The text was updated successfully, but these errors were encountered:

CMCDragonkai · 2022-09-15T07:10:41Z

Comparing to the NodeGraph, where buckets have TTLs, the bucket TTLs are eagerly refreshed. Whereas most cache TTLs are lazily refreshed.

But the nodes themselves do not have TTLs, they just a last visited tag.

Therefore gestalt vertexes are similar to nodes in this regard. They will have last visited tags, not TTLs. This is because when the TTL expires, we don't actually want to eagerly "discover" the gestalt vertex.

The discovering protocol is not driven by TTL expiry. It should be driven by kinetic priority determined by proximity and trust and interactivity.

CMCDragonkai · 2022-09-15T07:15:40Z

A bucket which is a group of nodes is therefore similar to a gestalt which is group of gestalt vertices.

Note that, since child vertices are added into the queue during discovery, only one vertex (either a node or identity) per Gestalt needs to be added back into the queue for rediscovery.

This is an interesting comment, because that would mean each gestalt is consider uniformly.

However unlike buckets in the node graph. Gestalts themselves have a priority and this is based on proximity.

So imagine your gestalt as the highest priority.

Then directly trusted gestalts as the second priority.

Then transitively trusted gestalts as subsequent priorities.

Therefore your the discovery loop would prefer discovering your own gestalt first. But not only the initial discovery order. But also preferring updates from your own gestalt first.

This would ensure that we get updates from our own gestalt quickly, but not really care about updates from gestalts completely unrelated to us.

CMCDragonkai · 2022-09-15T07:44:05Z

Discovery is about discovery cryptolinks between nodes and identities within a gestalt and across gestalts (based on the gestalts that we trust).

At the same time, the user will drive this by triggering a discovery on another identity.

However gestalts themselves would not have a TTL. Instead it would be the gestalt vertices that would have a last updated tag.

We will need to index by the last updated tag. So there will need to be a DB index for the last update.

When we decide to discover a gestalt. We may prefer to to a vertices that have the oldest update tag.

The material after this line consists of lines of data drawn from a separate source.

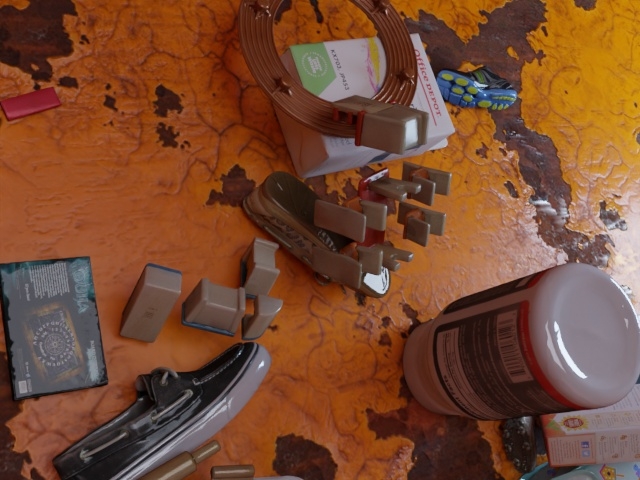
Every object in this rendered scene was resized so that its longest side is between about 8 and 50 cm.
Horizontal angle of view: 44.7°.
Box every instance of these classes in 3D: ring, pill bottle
[{"bbox_3d":[0.024,-0.329,1.296,0.336,0.032,0.336,10,67,-25],"label":"ring"},{"bbox_3d":[0.300,0.175,1.235,0.210,0.363,0.210,9,71,-26],"label":"pill bottle"}]

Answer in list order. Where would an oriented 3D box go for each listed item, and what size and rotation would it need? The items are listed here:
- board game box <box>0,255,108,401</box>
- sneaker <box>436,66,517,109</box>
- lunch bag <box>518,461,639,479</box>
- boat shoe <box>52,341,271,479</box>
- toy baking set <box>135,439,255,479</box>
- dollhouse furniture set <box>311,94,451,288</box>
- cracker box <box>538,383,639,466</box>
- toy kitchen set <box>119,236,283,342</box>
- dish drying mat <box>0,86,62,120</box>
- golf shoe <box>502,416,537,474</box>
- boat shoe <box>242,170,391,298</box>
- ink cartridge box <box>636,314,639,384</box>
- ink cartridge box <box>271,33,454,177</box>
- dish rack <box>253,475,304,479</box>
[{"bbox_3d":[-0.369,0.118,1.075,0.126,0.026,0.186,-5,77,-31],"label":"board game box"},{"bbox_3d":[0.311,-0.314,1.580,0.188,0.067,0.078,5,51,-26],"label":"sneaker"},{"bbox_3d":[0.477,0.485,1.362,0.262,0.160,0.223,-17,82,-28],"label":"lunch bag"},{"bbox_3d":[-0.210,0.231,1.073,0.335,0.121,0.119,-40,100,-30],"label":"boat shoe"},{"bbox_3d":[-0.184,0.383,0.998,0.256,0.030,0.197,-23,94,-23],"label":"toy baking set"},{"bbox_3d":[0.085,-0.085,1.224,0.262,0.135,0.259,-28,129,-48],"label":"dollhouse furniture set"},{"bbox_3d":[0.503,0.318,1.353,0.156,0.232,0.067,-60,140,-71],"label":"cracker box"},{"bbox_3d":[-0.176,0.068,1.170,0.207,0.122,0.166,17,40,-22],"label":"toy kitchen set"},{"bbox_3d":[-0.428,-0.203,1.152,0.083,0.008,0.032,-26,89,-34],"label":"dish drying mat"},{"bbox_3d":[0.370,0.328,1.406,0.086,0.069,0.176,-2,77,-36],"label":"golf shoe"},{"bbox_3d":[0.000,0.000,1.295,0.285,0.089,0.104,43,44,-15],"label":"boat shoe"},{"bbox_3d":[0.543,0.241,1.534,0.311,0.065,0.186,2,73,-27],"label":"ink cartridge box"},{"bbox_3d":[0.100,-0.250,1.398,0.353,0.119,0.207,-15,81,-32],"label":"ink cartridge box"},{"bbox_3d":[-0.107,0.505,1.080,0.285,0.072,0.333,6,73,-29],"label":"dish rack"}]
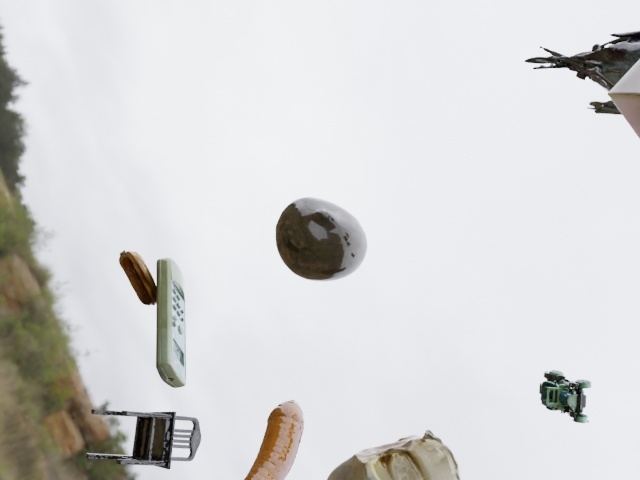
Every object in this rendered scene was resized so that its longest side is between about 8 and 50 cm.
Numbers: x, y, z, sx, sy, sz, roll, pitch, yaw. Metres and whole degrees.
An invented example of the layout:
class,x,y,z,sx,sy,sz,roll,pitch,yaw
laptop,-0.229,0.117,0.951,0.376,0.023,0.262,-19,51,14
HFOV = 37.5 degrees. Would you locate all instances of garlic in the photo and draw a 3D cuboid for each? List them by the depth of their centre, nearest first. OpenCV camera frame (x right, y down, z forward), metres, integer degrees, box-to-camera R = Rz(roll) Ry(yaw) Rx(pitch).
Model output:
class,x,y,z,sx,sy,sz,roll,pitch,yaw
garlic,0.138,0.517,1.924,0.184,0.281,0.203,-36,-110,60

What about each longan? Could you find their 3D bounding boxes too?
class,x,y,z,sx,sy,sz,roll,pitch,yaw
longan,0.000,0.000,1.865,0.189,0.189,0.189,45,-34,42

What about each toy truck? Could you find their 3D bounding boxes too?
class,x,y,z,sx,sy,sz,roll,pitch,yaw
toy truck,0.449,0.294,1.790,0.154,0.078,0.080,-172,-94,-78

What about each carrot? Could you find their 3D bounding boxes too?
class,x,y,z,sx,sy,sz,roll,pitch,yaw
carrot,-0.083,0.338,1.372,0.062,0.271,0.066,6,-47,23

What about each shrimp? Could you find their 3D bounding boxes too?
class,x,y,z,sx,sy,sz,roll,pitch,yaw
shrimp,0.509,-0.237,1.478,0.137,0.372,0.172,30,62,-74

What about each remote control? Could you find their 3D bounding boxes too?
class,x,y,z,sx,sy,sz,roll,pitch,yaw
remote control,-0.270,0.146,1.705,0.098,0.038,0.234,70,12,-55

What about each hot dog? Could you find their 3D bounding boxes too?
class,x,y,z,sx,sy,sz,roll,pitch,yaw
hot dog,-0.330,0.068,1.736,0.049,0.037,0.122,-11,-64,25

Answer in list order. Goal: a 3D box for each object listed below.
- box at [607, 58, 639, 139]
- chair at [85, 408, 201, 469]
class,x,y,z,sx,sy,sz,roll,pitch,yaw
box,0.537,-0.173,1.254,0.252,0.203,0.106,46,-7,-23
chair,-0.240,0.304,1.447,0.101,0.212,0.084,-6,-106,45
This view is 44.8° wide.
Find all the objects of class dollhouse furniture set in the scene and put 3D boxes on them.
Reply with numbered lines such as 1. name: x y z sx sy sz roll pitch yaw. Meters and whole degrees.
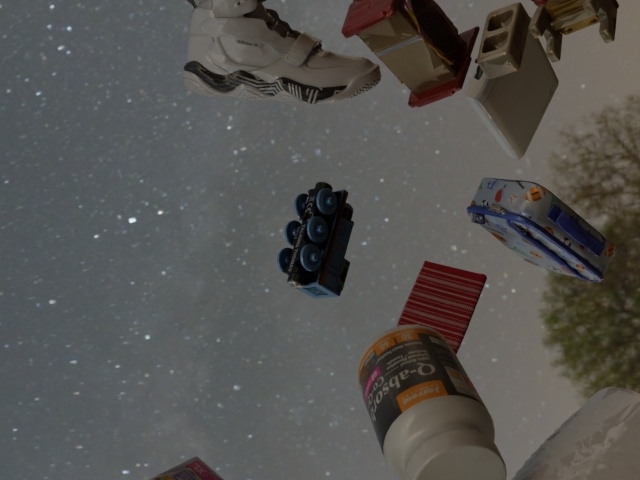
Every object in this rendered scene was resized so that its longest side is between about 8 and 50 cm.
1. dollhouse furniture set: 0.242 -0.366 1.204 0.201 0.374 0.152 41 -127 -33

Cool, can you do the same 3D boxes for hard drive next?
1. hard drive: 0.462 -0.362 1.841 0.353 0.047 0.232 31 -95 -57

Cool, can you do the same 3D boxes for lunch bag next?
1. lunch bag: 0.469 -0.024 1.657 0.303 0.243 0.114 31 -93 -26

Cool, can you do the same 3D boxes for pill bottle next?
1. pill bottle: 0.157 0.257 1.133 0.162 0.162 0.278 56 -175 -27

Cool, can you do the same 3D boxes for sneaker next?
1. sneaker: -0.074 -0.361 1.377 0.137 0.366 0.210 -67 -21 -61

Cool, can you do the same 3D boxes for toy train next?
1. toy train: 0.000 0.000 1.226 0.105 0.080 0.184 33 -118 -36

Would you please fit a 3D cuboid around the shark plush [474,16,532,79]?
1. shark plush: 0.372 -0.406 1.622 0.067 0.161 0.073 35 -165 3

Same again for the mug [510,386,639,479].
1. mug: 0.380 0.428 1.127 0.328 0.374 0.276 -38 -100 -15

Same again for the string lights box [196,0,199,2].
1. string lights box: -0.266 -0.583 1.455 0.259 0.133 0.077 50 -169 16

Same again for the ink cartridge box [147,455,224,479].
1. ink cartridge box: -0.253 0.504 1.392 0.065 0.186 0.311 -61 -20 16

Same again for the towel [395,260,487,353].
1. towel: 0.350 0.188 2.256 0.274 0.199 0.031 -62 -29 -27
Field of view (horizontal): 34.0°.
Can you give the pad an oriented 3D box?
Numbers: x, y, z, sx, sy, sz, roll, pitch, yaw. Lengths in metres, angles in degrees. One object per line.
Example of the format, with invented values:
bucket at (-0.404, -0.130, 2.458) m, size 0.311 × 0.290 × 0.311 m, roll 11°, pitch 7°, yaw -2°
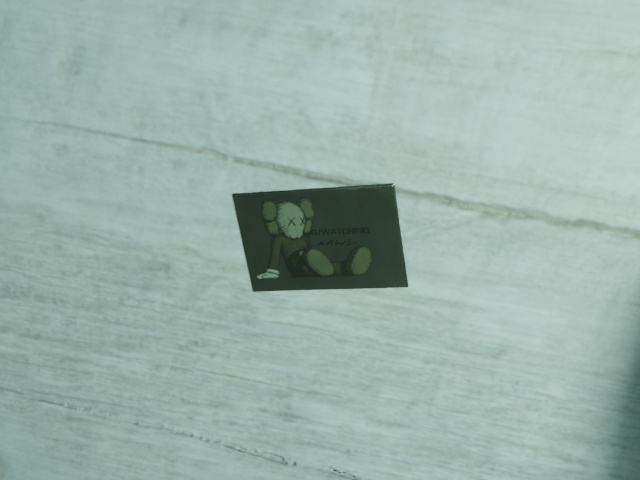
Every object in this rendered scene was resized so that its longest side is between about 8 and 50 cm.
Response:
pad at (0.000, 0.000, 1.181) m, size 0.190 × 0.004 × 0.127 m, roll -3°, pitch 115°, yaw 17°
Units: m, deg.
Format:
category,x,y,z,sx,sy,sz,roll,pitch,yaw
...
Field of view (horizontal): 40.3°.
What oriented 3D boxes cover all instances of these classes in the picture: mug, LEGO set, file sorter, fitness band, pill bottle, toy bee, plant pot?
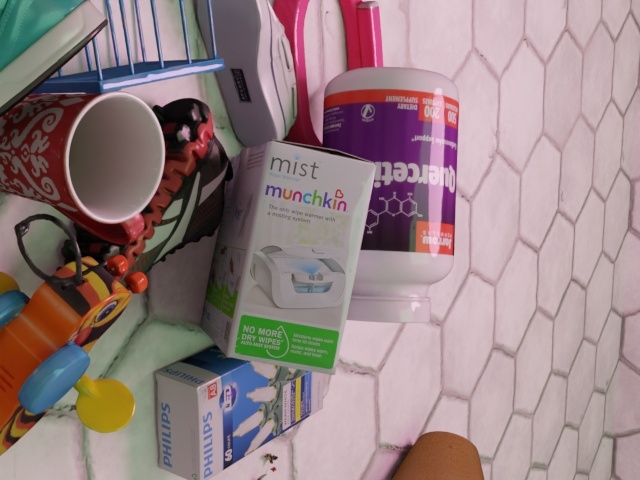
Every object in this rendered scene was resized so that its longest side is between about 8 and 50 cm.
category,x,y,z,sx,sy,sz,roll,pitch,yaw
mug,-0.242,-0.065,0.797,0.113,0.169,0.150,-22,117,-52
LEGO set,-0.084,0.352,1.275,0.054,0.023,0.083,64,35,-44
file sorter,-0.201,-0.209,0.869,0.170,0.118,0.104,-27,116,-50
fitness band,0.014,-0.245,1.231,0.209,0.054,0.291,-30,121,-49
pill bottle,0.089,-0.056,1.157,0.181,0.181,0.323,5,86,-56
toy bee,-0.230,0.087,0.807,0.195,0.298,0.162,60,33,-2
plant pot,0.211,0.487,1.585,0.254,0.237,0.237,-69,147,-41

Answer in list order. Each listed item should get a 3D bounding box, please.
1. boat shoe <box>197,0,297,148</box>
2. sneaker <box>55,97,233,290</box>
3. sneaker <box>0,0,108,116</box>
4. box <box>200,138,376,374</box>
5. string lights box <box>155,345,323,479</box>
category,x,y,z,sx,sy,sz,roll,pitch,yaw
boat shoe,-0.082,-0.235,1.073,0.084,0.095,0.258,-52,148,-41
sneaker,-0.180,-0.021,0.963,0.135,0.097,0.276,55,52,-44
sneaker,-0.336,-0.150,0.683,0.295,0.124,0.178,-42,107,-11
box,-0.051,0.014,1.014,0.126,0.262,0.231,12,88,-14
string lights box,-0.100,0.201,1.157,0.259,0.076,0.133,-21,116,-52
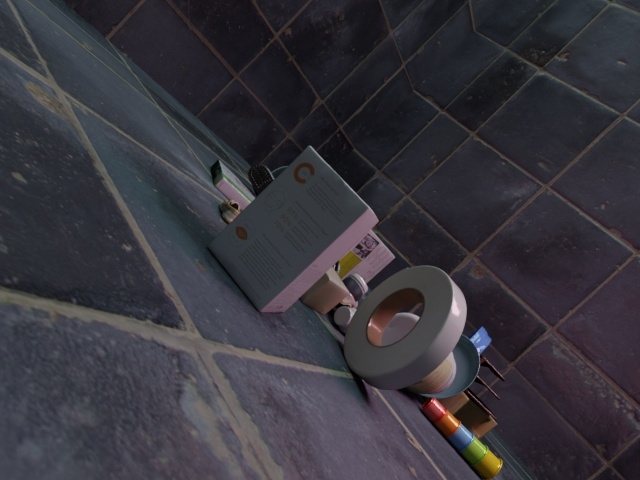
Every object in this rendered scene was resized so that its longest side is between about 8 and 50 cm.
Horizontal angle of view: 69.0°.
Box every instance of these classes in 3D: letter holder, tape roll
[{"bbox_3d":[0.700,0.615,1.962,0.214,0.152,0.302,46,2,18],"label":"letter holder"},{"bbox_3d":[0.233,0.239,1.339,0.072,0.392,0.392,44,5,-22],"label":"tape roll"}]

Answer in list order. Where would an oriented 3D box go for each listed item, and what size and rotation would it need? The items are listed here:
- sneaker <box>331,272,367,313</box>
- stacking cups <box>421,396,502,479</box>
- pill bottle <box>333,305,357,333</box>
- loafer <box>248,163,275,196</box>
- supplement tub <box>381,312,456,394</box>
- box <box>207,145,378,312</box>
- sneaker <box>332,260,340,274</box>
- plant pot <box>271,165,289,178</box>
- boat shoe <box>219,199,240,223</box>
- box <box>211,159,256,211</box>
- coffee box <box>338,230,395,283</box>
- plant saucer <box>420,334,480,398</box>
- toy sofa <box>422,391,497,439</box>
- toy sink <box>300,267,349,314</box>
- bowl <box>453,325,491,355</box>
[{"bbox_3d":[0.074,0.224,1.770,0.126,0.127,0.321,48,-22,13],"label":"sneaker"},{"bbox_3d":[0.496,0.696,1.653,0.316,0.096,0.096,45,4,7],"label":"stacking cups"},{"bbox_3d":[0.118,0.295,1.646,0.169,0.094,0.094,42,6,-46],"label":"pill bottle"},{"bbox_3d":[-0.213,-0.176,2.140,0.130,0.133,0.366,127,-60,-82],"label":"loafer"},{"bbox_3d":[0.353,0.430,1.727,0.325,0.235,0.235,42,6,-43],"label":"supplement tub"},{"bbox_3d":[-0.061,-0.017,1.139,0.215,0.345,0.168,48,5,17],"label":"box"},{"bbox_3d":[0.022,0.109,2.153,0.086,0.132,0.229,42,7,-46],"label":"sneaker"},{"bbox_3d":[-0.163,-0.204,2.341,0.293,0.293,0.235,46,-11,-3],"label":"plant pot"},{"bbox_3d":[-0.295,-0.103,1.551,0.063,0.059,0.170,44,5,-27],"label":"boat shoe"},{"bbox_3d":[-0.360,-0.215,1.985,0.232,0.058,0.322,44,4,-26],"label":"box"},{"bbox_3d":[0.176,0.046,2.818,0.334,0.338,0.338,44,5,-37],"label":"coffee box"},{"bbox_3d":[0.489,0.507,1.891,0.044,0.317,0.318,59,-4,-35],"label":"plant saucer"},{"bbox_3d":[0.585,0.709,1.975,0.362,0.150,0.177,43,7,-38],"label":"toy sofa"},{"bbox_3d":[-0.034,0.116,1.596,0.234,0.131,0.153,56,9,36],"label":"toy sink"},{"bbox_3d":[0.613,0.548,2.102,0.077,0.391,0.391,47,5,19],"label":"bowl"}]
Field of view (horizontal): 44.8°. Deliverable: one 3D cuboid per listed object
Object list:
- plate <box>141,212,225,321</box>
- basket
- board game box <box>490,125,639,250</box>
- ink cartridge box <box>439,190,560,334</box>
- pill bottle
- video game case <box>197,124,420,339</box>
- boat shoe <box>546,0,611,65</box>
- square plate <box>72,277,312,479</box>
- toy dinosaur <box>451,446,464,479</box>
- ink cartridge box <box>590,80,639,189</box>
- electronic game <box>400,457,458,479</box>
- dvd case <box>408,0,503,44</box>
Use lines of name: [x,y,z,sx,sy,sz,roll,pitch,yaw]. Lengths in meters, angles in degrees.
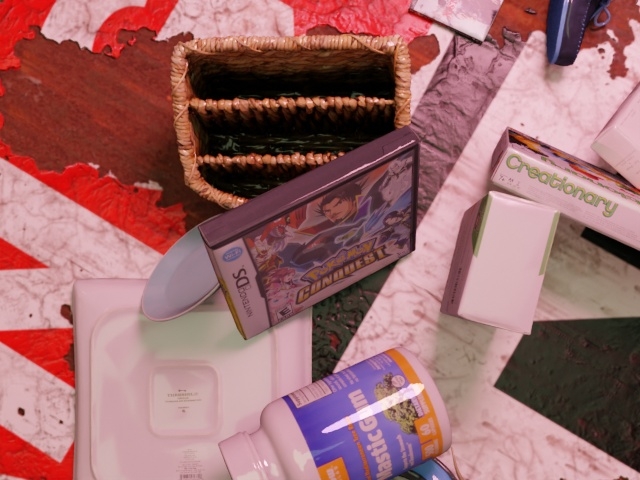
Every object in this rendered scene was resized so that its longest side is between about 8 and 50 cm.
plate: [-0.165,0.039,1.054,0.188,0.188,0.024,-41,121,0]
basket: [-0.034,-0.134,1.021,0.299,0.223,0.213,1,86,3]
board game box: [0.369,-0.052,1.004,0.305,0.193,0.053,25,110,5]
ink cartridge box: [0.222,0.032,0.998,0.093,0.212,0.154,15,87,2]
pill bottle: [0.016,0.255,0.993,0.272,0.152,0.152,-22,85,-14]
video game case: [0.000,0.000,0.975,0.275,0.248,0.035,-27,59,-11]
boat shoe: [0.377,-0.365,1.074,0.089,0.109,0.258,13,89,1]
square plate: [-0.183,0.221,1.088,0.347,0.049,0.343,-2,85,3]
toy dinosaur: [0.222,0.363,1.021,0.053,0.092,0.183,-43,104,5]
ink cartridge box: [0.488,-0.109,1.031,0.225,0.056,0.181,44,55,3]
electronic game: [0.088,0.380,1.029,0.229,0.048,0.229,-2,64,4]
dvd case: [0.200,-0.348,1.127,0.119,0.013,0.087,27,88,6]
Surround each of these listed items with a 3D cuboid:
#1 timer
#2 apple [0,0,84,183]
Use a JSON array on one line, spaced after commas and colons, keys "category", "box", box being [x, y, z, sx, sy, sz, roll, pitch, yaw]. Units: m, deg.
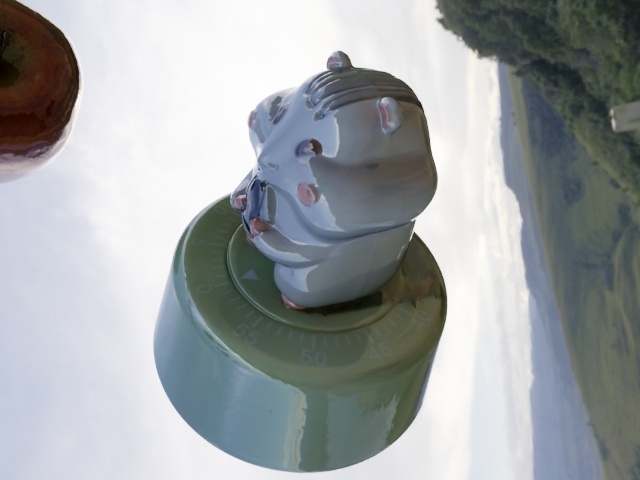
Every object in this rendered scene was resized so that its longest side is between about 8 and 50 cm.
[{"category": "timer", "box": [0.000, 0.000, 0.466, 0.290, 0.291, 0.315, -68, -6, -47]}, {"category": "apple", "box": [-0.401, -0.174, 0.613, 0.230, 0.230, 0.229, 30, -124, -59]}]
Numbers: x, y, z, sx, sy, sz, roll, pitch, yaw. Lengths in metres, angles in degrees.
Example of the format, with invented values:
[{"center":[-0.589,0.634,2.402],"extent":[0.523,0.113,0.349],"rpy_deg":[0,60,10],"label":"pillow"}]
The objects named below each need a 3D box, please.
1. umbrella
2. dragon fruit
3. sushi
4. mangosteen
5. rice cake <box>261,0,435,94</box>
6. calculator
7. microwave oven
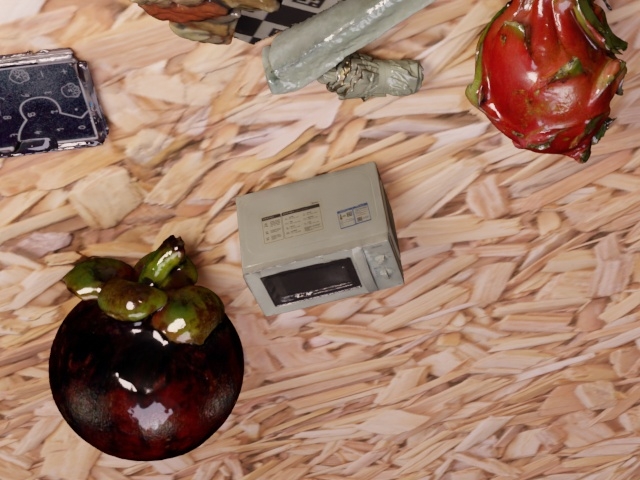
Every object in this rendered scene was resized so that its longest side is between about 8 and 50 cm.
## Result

Maybe we can use this: #329 (comment)

Where each gestalt can have a "default priority" and some gestalts have higher default priorities.

Let's imagine all the gestalts are structured like a tree.

At the root of the tree, we have our own gestalt.

Then our immediate children are the gestalts that we trust... and so on. Actually this is a DAG, not at tree because 2 of our child gestalts may trust each other, or trust a common third party.

Now the order should then go from us to our immediate children (breadth-first). Topological sort may have some relevance here: https://en.wikipedia.org/wiki/Topological_sorting

The key point though, is that our gestalts are given a default priority. That default priority is a "weight" that decrements as the gestalt gets farther away from us. So suppose a degree N gestalt is N hops away from us, then it would have weight Max - N. Actually let's invert this number, so that 0 is the highest priority and N is some finite number away from 0. So then its weight would be N.

We should factor in fairness here too... so at the very least, we will eventually get to discovering other gestalts.

But there will be a limit, and that is a computational limit.

Alternatively we do something simpler.

We only care about our own gestalt, and also the gestalt of degree 1. Which is the gestalts that we are connected to.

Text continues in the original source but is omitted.